The fact that the relationship is significant doesn’t mean it is necessarily important. To get a sense of the order of magnitude we can work out how much lower covid deaths for the US as a whole would be if our estimate above is true reflection of the causal effect of hoaxism. We can use our model to work out how many lives would have been saved in a given US state \(i\) in absence of hoaxism by calculating \[ \Delta Deaths^{CF}_i=\hat{\beta_1} \times HOAX_i \times POP_i\] where \(\Delta Deaths^{CF}_i\) is the (counterfactual) number of deaths avoided and \(POP_i\) is a state’s population. Summing over all states we can work out the total number of deaths that could have been avoided in the US.
This leads to a value of 86211, which corresponds to 41.4 % of deaths over the sample period considered here. This is clearly substantial. Of course, there are still many possible confounding factors that should be explored but a figure like that is at the very least a strong motivation for further research in this area.
There are many different things one could or even should try.
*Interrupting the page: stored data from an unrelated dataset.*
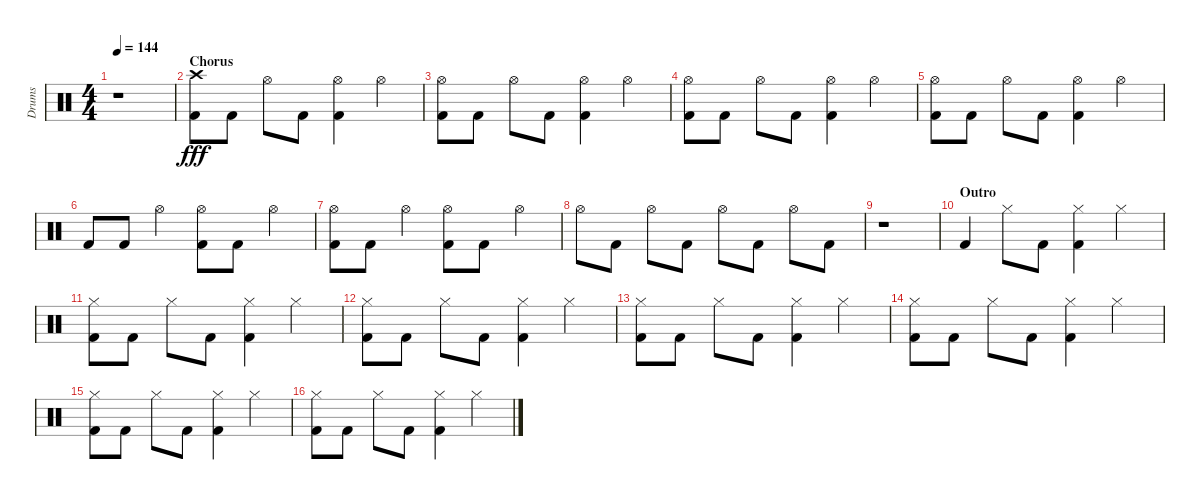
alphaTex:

\track ("Drums" "Drums") {instrument percussion}
\staff {score}
\articulation defaults
\ts (4 4)
\tempo 144
\clef neutral
\ks c
r.1{dy fff} |
\section ("" "Chorus")
("Crash high (hit)" "Kick (hit) 2").8 "Kick (hit) 2".8 "Hi-Hat (open)".8 "Kick (hit) 2".8 ("Hi-Hat (open)" "Kick (hit) 2").4 "Hi-Hat (open)".4 |
("Hi-Hat (open)" "Kick (hit) 2").8 "Kick (hit) 2".8 "Hi-Hat (open)".8 "Kick (hit) 2".8 ("Hi-Hat (open)" "Kick (hit) 2").4 "Hi-Hat (open)".4 |
("Hi-Hat (open)" "Kick (hit) 2").8 "Kick (hit) 2".8 "Hi-Hat (open)".8 "Kick (hit) 2".8 ("Hi-Hat (open)" "Kick (hit) 2").4 "Hi-Hat (open)".4 |
("Hi-Hat (open)" "Kick (hit) 2").8 "Kick (hit) 2".8 "Hi-Hat (open)".8 "Kick (hit) 2".8 ("Hi-Hat (open)" "Kick (hit) 2").4 "Hi-Hat (open)".4 |
"Kick (hit) 2".8 "Kick (hit) 2".8 "Hi-Hat (open)".4 ("Hi-Hat (open)" "Kick (hit) 2").8 "Kick (hit) 2".8 "Hi-Hat (open)".4 |
("Hi-Hat (open)" "Kick (hit) 2").8 "Kick (hit) 2".8 "Hi-Hat (open)".4 ("Hi-Hat (open)" "Kick (hit) 2").8 "Kick (hit) 2".8 "Hi-Hat (open)".4 |
"Hi-Hat (open)".8 "Kick (hit) 2".8 "Hi-Hat (open)".8 "Kick (hit) 2".8 "Hi-Hat (open)".8 "Kick (hit) 2".8 "Hi-Hat (open)".8 "Kick (hit) 2".8 |
r.1 |
\section ("" "Outro")
"Kick (hit) 2".4 "Hi-Hat (closed)".8 "Kick (hit) 2".8 ("Hi-Hat (closed)" "Kick (hit) 2").4 "Hi-Hat (closed)".4 |
("Hi-Hat (closed)" "Kick (hit) 2").8 "Kick (hit) 2".8 "Hi-Hat (closed)".8 "Kick (hit) 2".8 ("Hi-Hat (closed)" "Kick (hit) 2").4 "Hi-Hat (closed)".4 |
("Hi-Hat (closed)" "Kick (hit) 2").8 "Kick (hit) 2".8 "Hi-Hat (closed)".8 "Kick (hit) 2".8 ("Hi-Hat (closed)" "Kick (hit) 2").4 "Hi-Hat (closed)".4 |
("Hi-Hat (closed)" "Kick (hit) 2").8 "Kick (hit) 2".8 "Hi-Hat (closed)".8 "Kick (hit) 2".8 ("Hi-Hat (closed)" "Kick (hit) 2").4 "Hi-Hat (closed)".4 |
("Hi-Hat (closed)" "Kick (hit) 2").8 "Kick (hit) 2".8 "Hi-Hat (closed)".8 "Kick (hit) 2".8 ("Hi-Hat (closed)" "Kick (hit) 2").4 "Hi-Hat (closed)".4 |
("Hi-Hat (closed)" "Kick (hit) 2").8 "Kick (hit) 2".8 "Hi-Hat (closed)".8 "Kick (hit) 2".8 ("Hi-Hat (closed)" "Kick (hit) 2").4 "Hi-Hat (closed)".4 |
("Hi-Hat (closed)" "Kick (hit) 2").8 "Kick (hit) 2".8 "Hi-Hat (closed)".8 "Kick (hit) 2".8 ("Hi-Hat (closed)" "Kick (hit) 2").4 "Hi-Hat (closed)".4
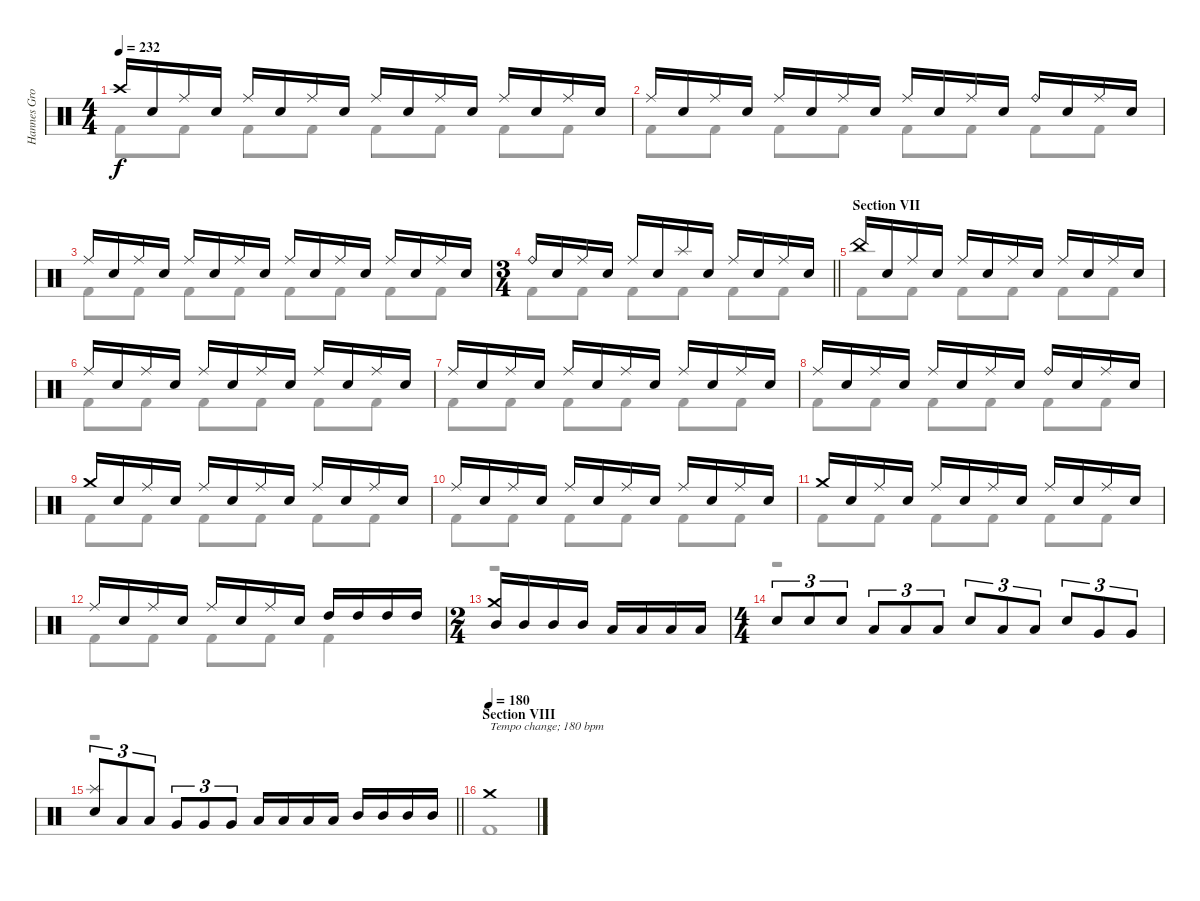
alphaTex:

\track ("Hannes Grossman" "Hannes Gro") {instrument percussion}
\staff {score}
\articulation defaults
\voice
\ts (4 4)
\tempo 232
\clef neutral
\ks c "Crash high (hit)".16{dy f} "Electric Snare (hit)".16 "Ride (middle)".16 "Electric Snare (hit)".16 "Ride (middle)".16 "Electric Snare (hit)".16 "Ride (middle)".16 "Electric Snare (hit)".16 "Ride (middle)".16 "Electric Snare (hit)".16 "Ride (middle)".16 "Electric Snare (hit)".16 "Ride (middle)".16 "Electric Snare (hit)".16 "Ride (middle)".16 "Electric Snare (hit)".16
|
"Ride (middle)".16 "Electric Snare (hit)".16 "Ride (middle)".16 "Electric Snare (hit)".16 "Ride (middle)".16 "Electric Snare (hit)".16 "Ride (middle)".16 "Electric Snare (hit)".16 "Ride (middle)".16 "Electric Snare (hit)".16 "Ride (middle)".16 "Electric Snare (hit)".16 "Ride (bell)".16 "Electric Snare (hit)".16 "Ride (middle)".16 "Electric Snare (hit)".16 |
"Ride (middle)".16 "Electric Snare (hit)".16 "Ride (middle)".16 "Electric Snare (hit)".16 "Ride (middle)".16 "Electric Snare (hit)".16 "Ride (middle)".16 "Electric Snare (hit)".16 "Ride (middle)".16 "Electric Snare (hit)".16 "Ride (middle)".16 "Electric Snare (hit)".16 "Ride (middle)".16 "Electric Snare (hit)".16 "Ride (middle)".16 "Electric Snare (hit)".16 |
\ts (3 4)
\barLineRight lightlight "Ride (bell)".16 "Electric Snare (hit)".16 "Ride (middle)".16 "Electric Snare (hit)".16 "Ride (middle)".16 "Electric Snare (hit)".16 "Splash (hit)".16 "Electric Snare (hit)".16 "Ride (middle)".16 "Electric Snare (hit)".16 "Ride (middle)".16 "Electric Snare (hit)".16
|
\section ("" "Section VII")
"China (hit)".16 "Electric Snare (hit)".16 "Ride (middle)".16 "Electric Snare (hit)".16 "Ride (middle)".16 "Electric Snare (hit)".16 "Ride (middle)".16 "Electric Snare (hit)".16 "Ride (middle)".16 "Electric Snare (hit)".16 "Ride (middle)".16 "Electric Snare (hit)".16 |
"Ride (middle)".16 "Electric Snare (hit)".16 "Ride (middle)".16 "Electric Snare (hit)".16 "Ride (middle)".16 "Electric Snare (hit)".16 "Ride (middle)".16 "Electric Snare (hit)".16 "Ride (middle)".16 "Electric Snare (hit)".16 "Ride (middle)".16 "Electric Snare (hit)".16 |
"Ride (middle)".16 "Electric Snare (hit)".16 "Ride (middle)".16 "Electric Snare (hit)".16 "Ride (middle)".16 "Electric Snare (hit)".16 "Ride (middle)".16 "Electric Snare (hit)".16 "Ride (middle)".16 "Electric Snare (hit)".16 "Ride (middle)".16 "Electric Snare (hit)".16 |
"Ride (middle)".16 "Electric Snare (hit)".16 "Ride (middle)".16 "Electric Snare (hit)".16 "Ride (middle)".16 "Electric Snare (hit)".16 "Ride (middle)".16 "Electric Snare (hit)".16 "Ride (bell)".16 "Electric Snare (hit)".16 "Ride (middle)".16 "Electric Snare (hit)".16 |
"Crash medium (hit)".16 "Electric Snare (hit)".16 "Ride (middle)".16 "Electric Snare (hit)".16 "Ride (middle)".16 "Electric Snare (hit)".16 "Ride (middle)".16 "Electric Snare (hit)".16 "Ride (middle)".16 "Electric Snare (hit)".16 "Ride (middle)".16 "Electric Snare (hit)".16 |
"Ride (middle)".16 "Electric Snare (hit)".16 "Ride (middle)".16 "Electric Snare (hit)".16 "Ride (middle)".16 "Electric Snare (hit)".16 "Ride (middle)".16 "Electric Snare (hit)".16 "Ride (middle)".16 "Electric Snare (hit)".16 "Ride (middle)".16 "Electric Snare (hit)".16 |
"Crash medium (hit)".16 "Electric Snare (hit)".16 "Ride (middle)".16 "Electric Snare (hit)".16 "Ride (middle)".16 "Electric Snare (hit)".16 "Ride (middle)".16 "Electric Snare (hit)".16 "Ride (middle)".16 "Electric Snare (hit)".16 "Ride (middle)".16 "Electric Snare (hit)".16 |
"Ride (middle)".16 "Electric Snare (hit)".16 "Ride (middle)".16 "Electric Snare (hit)".16 "Ride (middle)".16 "Electric Snare (hit)".16 "Ride (middle)".16 "Electric Snare (hit)".16 "High Tom (hit)".16 "High Tom (hit)".16 "High Tom (hit)".16 "High Tom (hit)".16 |
\ts (2 4)
("Mid Tom (hit)" "Crash medium (hit)").16 "Mid Tom (hit)".16 "Mid Tom (hit)".16 "Mid Tom (hit)".16 "Low Tom (hit)".16 "Low Tom (hit)".16 "Low Tom (hit)".16 "Low Tom (hit)".16 |
\ts (4 4)
"Electric Snare (hit)".8{tu (3 2)} "Electric Snare (hit)".8{tu (3 2)} "Electric Snare (hit)".8{tu (3 2)} "Low Tom (hit)".8{tu (3 2)} "Low Tom (hit)".8{tu (3 2)} "Low Tom (hit)".8{tu (3 2)} "Electric Snare (hit)".8{tu (3 2)} "Low Tom (hit)".8{tu (3 2)} "Low Tom (hit)".8{tu (3 2)} "Electric Snare (hit)".8{tu (3 2)} "Very Low Tom (hit)".8{tu (3 2)} "Very Low Tom (hit)".8{tu (3 2)} |
\barLineRight lightlight
("Splash (hit)" "Electric Snare (hit)").8{tu (3 2)} "Low Tom (hit)".8{tu (3 2)} "Low Tom (hit)".8{tu (3 2)} "Very Low Tom (hit)".8{tu (3 2)} "Very Low Tom (hit)".8{tu (3 2)} "Very Low Tom (hit)".8{tu (3 2)} "Low Tom (hit)".16 "Low Tom (hit)".16 "Low Tom (hit)".16 "Low Tom (hit)".16 "Mid Tom (hit)".16 "Mid Tom (hit)".16 "Mid Tom (hit)".16 "Mid Tom (hit)".16 |
\section ("" "Section VIII")
\tempo (180)
"Crash medium (hit)".1{txt "Tempo change; 180 bpm"}
\voice
\clef neutral
\ottava regular
\simile none
\ks c "Kick (hit) 2".8{dy f} "Kick (hit) 2".8 "Kick (hit) 2".8 "Kick (hit) 2".8 "Kick (hit) 2".8 "Kick (hit) 2".8 "Kick (hit) 2".8 "Kick (hit) 2".8
|
"Kick (hit) 2".8 "Kick (hit) 2".8 "Kick (hit) 2".8 "Kick (hit) 2".8 "Kick (hit) 2".8 "Kick (hit) 2".8 "Kick (hit) 2".8 "Kick (hit) 2".8 |
"Kick (hit) 2".8 "Kick (hit) 2".8 "Kick (hit) 2".8 "Kick (hit) 2".8 "Kick (hit) 2".8 "Kick (hit) 2".8 "Kick (hit) 2".8 "Kick (hit) 2".8 |
\barLineRight lightlight "Kick (hit) 2".8 "Kick (hit) 2".8 "Kick (hit) 2".8 "Kick (hit) 2".8 "Kick (hit) 2".8 "Kick (hit) 2".8
|
"Kick (hit) 2".8 "Kick (hit) 2".8 "Kick (hit) 2".8 "Kick (hit) 2".8 "Kick (hit) 2".8 "Kick (hit) 2".8 |
"Kick (hit) 2".8 "Kick (hit) 2".8 "Kick (hit) 2".8 "Kick (hit) 2".8 "Kick (hit) 2".8 "Kick (hit) 2".8 |
"Kick (hit) 2".8 "Kick (hit) 2".8 "Kick (hit) 2".8 "Kick (hit) 2".8 "Kick (hit) 2".8 "Kick (hit) 2".8 |
"Kick (hit) 2".8 "Kick (hit) 2".8 "Kick (hit) 2".8 "Kick (hit) 2".8 "Kick (hit) 2".8 "Kick (hit) 2".8 |
"Kick (hit) 2".8 "Kick (hit) 2".8 "Kick (hit) 2".8 "Kick (hit) 2".8 "Kick (hit) 2".8 "Kick (hit) 2".8 |
"Kick (hit) 2".8 "Kick (hit) 2".8 "Kick (hit) 2".8 "Kick (hit) 2".8 "Kick (hit) 2".8 "Kick (hit) 2".8 |
"Kick (hit) 2".8 "Kick (hit) 2".8 "Kick (hit) 2".8 "Kick (hit) 2".8 "Kick (hit) 2".8 "Kick (hit) 2".8 |
"Kick (hit) 2".8 "Kick (hit) 2".8 "Kick (hit) 2".8 "Kick (hit) 2".8 "Kick (hit) 2".4 |
r.2 |
r.1 |
\barLineRight lightlight
r.1 |
"Kick (hit) 2".1
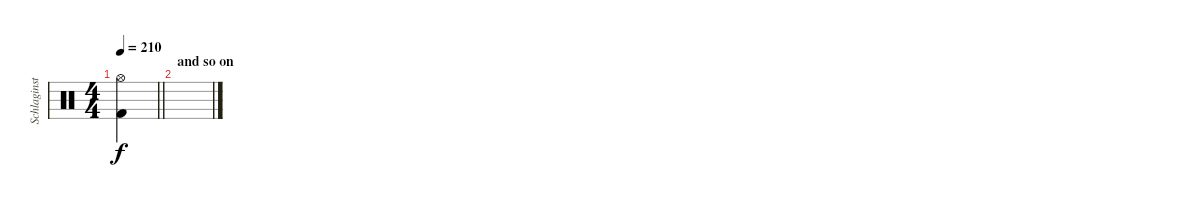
\track ("Schlaginstrumente - Auswahl" "Schlaginst") {instrument percussion}
\staff {score}
\articulation defaults
\ts (4 4)
\tempo 210
\clef neutral
\barLineRight lightlight
\ks c
("Hi-Hat (open)" "Kick (hit) 2").4{dy f} |
\section ("" "and so on")
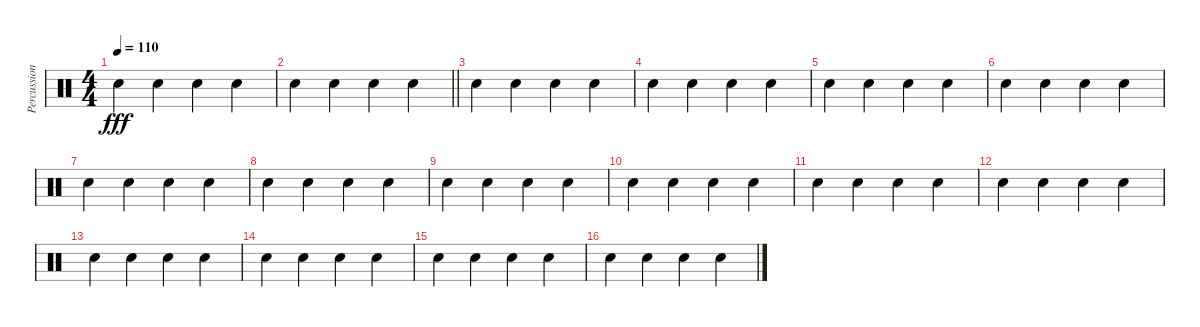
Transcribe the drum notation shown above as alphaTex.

\track ("Percussion" "Percussion") {mute instrument percussion}
\staff {score}
\articulation defaults
\ts (4 4)
\tempo 110
\clef neutral
\ks c "Snare (hit) 2".4{dy fff} "Snare (hit) 2".4 "Snare (hit) 2".4 "Snare (hit) 2".4
|
\barLineRight lightlight "Snare (hit) 2".4 "Snare (hit) 2".4 "Snare (hit) 2".4 "Snare (hit) 2".4
|
"Snare (hit) 2".4 "Snare (hit) 2".4 "Snare (hit) 2".4 "Snare (hit) 2".4 |
"Snare (hit) 2".4 "Snare (hit) 2".4 "Snare (hit) 2".4 "Snare (hit) 2".4 |
"Snare (hit) 2".4 "Snare (hit) 2".4 "Snare (hit) 2".4 "Snare (hit) 2".4 |
"Snare (hit) 2".4 "Snare (hit) 2".4 "Snare (hit) 2".4 "Snare (hit) 2".4 |
"Snare (hit) 2".4 "Snare (hit) 2".4 "Snare (hit) 2".4 "Snare (hit) 2".4 |
"Snare (hit) 2".4 "Snare (hit) 2".4 "Snare (hit) 2".4 "Snare (hit) 2".4 |
"Snare (hit) 2".4 "Snare (hit) 2".4 "Snare (hit) 2".4 "Snare (hit) 2".4 |
"Snare (hit) 2".4 "Snare (hit) 2".4 "Snare (hit) 2".4 "Snare (hit) 2".4 |
"Snare (hit) 2".4 "Snare (hit) 2".4 "Snare (hit) 2".4 "Snare (hit) 2".4 |
"Snare (hit) 2".4 "Snare (hit) 2".4 "Snare (hit) 2".4 "Snare (hit) 2".4 |
"Snare (hit) 2".4 "Snare (hit) 2".4 "Snare (hit) 2".4 "Snare (hit) 2".4 |
"Snare (hit) 2".4 "Snare (hit) 2".4 "Snare (hit) 2".4 "Snare (hit) 2".4 |
"Snare (hit) 2".4 "Snare (hit) 2".4 "Snare (hit) 2".4 "Snare (hit) 2".4 |
"Snare (hit) 2".4 "Snare (hit) 2".4 "Snare (hit) 2".4 "Snare (hit) 2".4

Clearly, there are other useful control variables. One could explore the interaction between hoaxism and density as we did during the visualisation lecture. One could look at time series data for individual states and see if flare ups in infection are somehow related to flare ups in hoaxism. However, a basic analysis and discussion as done here would be a good group coursework piece along with a conclusion along the following lines:
Hoaxism and related misinformation are an increasing concern for the functioning of democracy, our well being and economics. In the case of the covid pandemic, misinformation has potentially immediate deadly consequences. Here we explored the link between hoaxsim and covid deaths across US states. We found a robust and significant relationship between hoaxism and covid deaths. We also find that the relationship quantitatively meaningful. If we take the numbers at face value they imply that without hoaxism as much as 30% of US COVID deaths could have been avoided. Clearly this figure should be subjected to further scrutiny - e.g. by using more sophisticated empirical models - but it is clearly a strong motivator to understand the mechanisms behind COVID hoaxism better.